▶ TASK BRIEF: Everything from the line with "Answer as compact" through the final line below should be copied out exactly, and nothing else should appear.

▶ DATA SECTION:
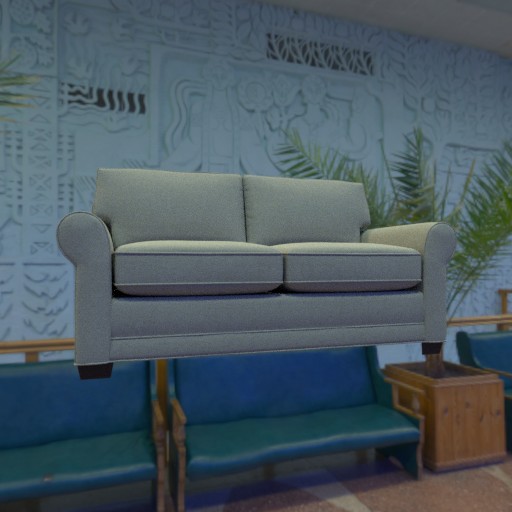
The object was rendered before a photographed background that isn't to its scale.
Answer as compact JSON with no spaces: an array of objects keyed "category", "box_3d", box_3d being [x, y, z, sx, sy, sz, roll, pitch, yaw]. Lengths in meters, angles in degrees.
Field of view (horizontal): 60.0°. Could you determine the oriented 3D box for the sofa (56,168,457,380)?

▶ ANSWER BOX:
Answer as compact JSON with no spaces: an array of objects keyed "category", "box_3d", box_3d being [x, y, z, sx, sy, sz, roll, pitch, yaw]. Lengths in meters, angles in degrees.
Field of view (horizontal): 60.0°. Could you determine the oriented 3D box for the sofa (56,168,457,380)?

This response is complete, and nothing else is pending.